The whole listing is to be printed again exactly.

Start of Block

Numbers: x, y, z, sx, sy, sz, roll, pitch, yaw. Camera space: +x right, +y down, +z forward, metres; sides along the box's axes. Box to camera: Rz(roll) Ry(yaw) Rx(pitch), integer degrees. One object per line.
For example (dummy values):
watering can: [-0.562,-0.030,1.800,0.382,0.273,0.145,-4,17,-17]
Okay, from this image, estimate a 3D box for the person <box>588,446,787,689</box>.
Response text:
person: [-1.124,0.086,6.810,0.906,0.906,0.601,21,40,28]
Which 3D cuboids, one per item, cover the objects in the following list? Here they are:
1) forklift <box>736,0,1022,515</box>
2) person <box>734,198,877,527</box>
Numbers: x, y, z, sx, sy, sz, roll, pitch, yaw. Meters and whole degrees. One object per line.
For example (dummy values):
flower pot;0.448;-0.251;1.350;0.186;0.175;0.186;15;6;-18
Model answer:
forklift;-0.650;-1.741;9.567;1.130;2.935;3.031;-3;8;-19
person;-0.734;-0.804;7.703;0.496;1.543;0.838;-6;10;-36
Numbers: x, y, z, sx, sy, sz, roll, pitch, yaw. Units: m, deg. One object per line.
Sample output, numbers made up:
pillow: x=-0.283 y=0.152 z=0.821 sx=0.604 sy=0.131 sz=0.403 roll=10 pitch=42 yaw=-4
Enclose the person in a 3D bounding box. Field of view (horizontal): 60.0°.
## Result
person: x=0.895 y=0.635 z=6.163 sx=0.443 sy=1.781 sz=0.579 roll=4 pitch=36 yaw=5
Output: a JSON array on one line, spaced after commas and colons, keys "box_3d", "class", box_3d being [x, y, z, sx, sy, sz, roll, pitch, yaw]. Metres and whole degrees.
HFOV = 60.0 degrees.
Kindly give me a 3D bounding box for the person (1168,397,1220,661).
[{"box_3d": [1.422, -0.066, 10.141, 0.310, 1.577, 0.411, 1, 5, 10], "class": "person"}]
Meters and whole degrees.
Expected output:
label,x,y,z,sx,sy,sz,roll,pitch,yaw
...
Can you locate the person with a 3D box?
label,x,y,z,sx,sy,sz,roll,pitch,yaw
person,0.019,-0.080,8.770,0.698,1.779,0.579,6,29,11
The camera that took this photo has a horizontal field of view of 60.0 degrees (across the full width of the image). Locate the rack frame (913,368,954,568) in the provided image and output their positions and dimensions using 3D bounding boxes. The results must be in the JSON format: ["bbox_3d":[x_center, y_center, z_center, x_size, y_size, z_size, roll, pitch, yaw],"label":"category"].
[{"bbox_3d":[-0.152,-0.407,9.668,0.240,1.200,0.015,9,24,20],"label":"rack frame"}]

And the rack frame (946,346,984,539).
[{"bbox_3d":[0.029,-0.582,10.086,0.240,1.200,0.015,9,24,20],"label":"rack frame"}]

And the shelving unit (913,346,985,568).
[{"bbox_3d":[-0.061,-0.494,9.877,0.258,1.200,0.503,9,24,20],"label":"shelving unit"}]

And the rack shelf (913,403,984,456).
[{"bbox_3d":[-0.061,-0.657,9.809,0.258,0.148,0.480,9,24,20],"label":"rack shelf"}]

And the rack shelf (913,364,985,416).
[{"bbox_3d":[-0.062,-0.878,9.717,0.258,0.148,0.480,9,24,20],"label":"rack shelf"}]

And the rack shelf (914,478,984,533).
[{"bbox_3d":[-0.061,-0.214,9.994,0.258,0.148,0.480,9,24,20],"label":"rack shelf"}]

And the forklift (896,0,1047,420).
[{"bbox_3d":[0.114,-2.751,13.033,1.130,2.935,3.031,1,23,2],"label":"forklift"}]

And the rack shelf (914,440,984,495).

End of Block

### SOLVED EXERCISE
Numbers: x, y, z, sx, sy, sz, roll, pitch, yaw. Camera space: +x right, +y down, +z forward, metres; sides along the box's axes. Box to camera: Rz(roll) Ry(yaw) Rx(pitch), integer degrees. One object per line.
For example (dummy values):
watering can: [-0.562,-0.030,1.800,0.382,0.273,0.145,-4,17,-17]
Okay, from this image, estimate a 3D box for the person <box>588,446,787,689</box>.
Response text:
person: [-1.124,0.086,6.810,0.906,0.906,0.601,21,40,28]
Which 3D cuboids, one per item, cover the objects in the following list? Here they are:
1) forklift <box>736,0,1022,515</box>
2) person <box>734,198,877,527</box>
Numbers: x, y, z, sx, sy, sz, roll, pitch, yaw. Meters and whole degrees. One object per line.
For example (dummy values):
flower pot;0.448;-0.251;1.350;0.186;0.175;0.186;15;6;-18
Model answer:
forklift;-0.650;-1.741;9.567;1.130;2.935;3.031;-3;8;-19
person;-0.734;-0.804;7.703;0.496;1.543;0.838;-6;10;-36
Numbers: x, y, z, sx, sy, sz, roll, pitch, yaw. Units: m, deg. One object per line.
Sample output, numbers made up:
pillow: x=-0.283 y=0.152 z=0.821 sx=0.604 sy=0.131 sz=0.403 roll=10 pitch=42 yaw=-4
Enclose the person in a 3D bounding box. Field of view (horizontal): 60.0°.
## Result
person: x=0.895 y=0.635 z=6.163 sx=0.443 sy=1.781 sz=0.579 roll=4 pitch=36 yaw=5
Output: a JSON array on one line, spaced after commas and colons, keys "box_3d", "class", box_3d being [x, y, z, sx, sy, sz, roll, pitch, yaw]. Metres and whole degrees.
HFOV = 60.0 degrees.
Kindly give me a 3D bounding box for the person (1168,397,1220,661).
[{"box_3d": [1.422, -0.066, 10.141, 0.310, 1.577, 0.411, 1, 5, 10], "class": "person"}]
Meters and whole degrees.
Expected output:
label,x,y,z,sx,sy,sz,roll,pitch,yaw
...
Can you locate the person with a 3D box?
label,x,y,z,sx,sy,sz,roll,pitch,yaw
person,0.019,-0.080,8.770,0.698,1.779,0.579,6,29,11
The camera that took this photo has a horizontal field of view of 60.0 degrees (across the full width of the image). Locate the rack frame (913,368,954,568) in the provided image and output their positions and dimensions using 3D bounding boxes. The results must be in the JSON format: ["bbox_3d":[x_center, y_center, z_center, x_size, y_size, z_size, roll, pitch, yaw],"label":"category"].
[{"bbox_3d":[-0.152,-0.407,9.668,0.240,1.200,0.015,9,24,20],"label":"rack frame"}]

And the rack frame (946,346,984,539).
[{"bbox_3d":[0.029,-0.582,10.086,0.240,1.200,0.015,9,24,20],"label":"rack frame"}]

And the shelving unit (913,346,985,568).
[{"bbox_3d":[-0.061,-0.494,9.877,0.258,1.200,0.503,9,24,20],"label":"shelving unit"}]

And the rack shelf (913,403,984,456).
[{"bbox_3d":[-0.061,-0.657,9.809,0.258,0.148,0.480,9,24,20],"label":"rack shelf"}]

And the rack shelf (913,364,985,416).
[{"bbox_3d":[-0.062,-0.878,9.717,0.258,0.148,0.480,9,24,20],"label":"rack shelf"}]

And the rack shelf (914,478,984,533).
[{"bbox_3d":[-0.061,-0.214,9.994,0.258,0.148,0.480,9,24,20],"label":"rack shelf"}]

And the forklift (896,0,1047,420).
[{"bbox_3d":[0.114,-2.751,13.033,1.130,2.935,3.031,1,23,2],"label":"forklift"}]

And the rack shelf (914,440,984,495).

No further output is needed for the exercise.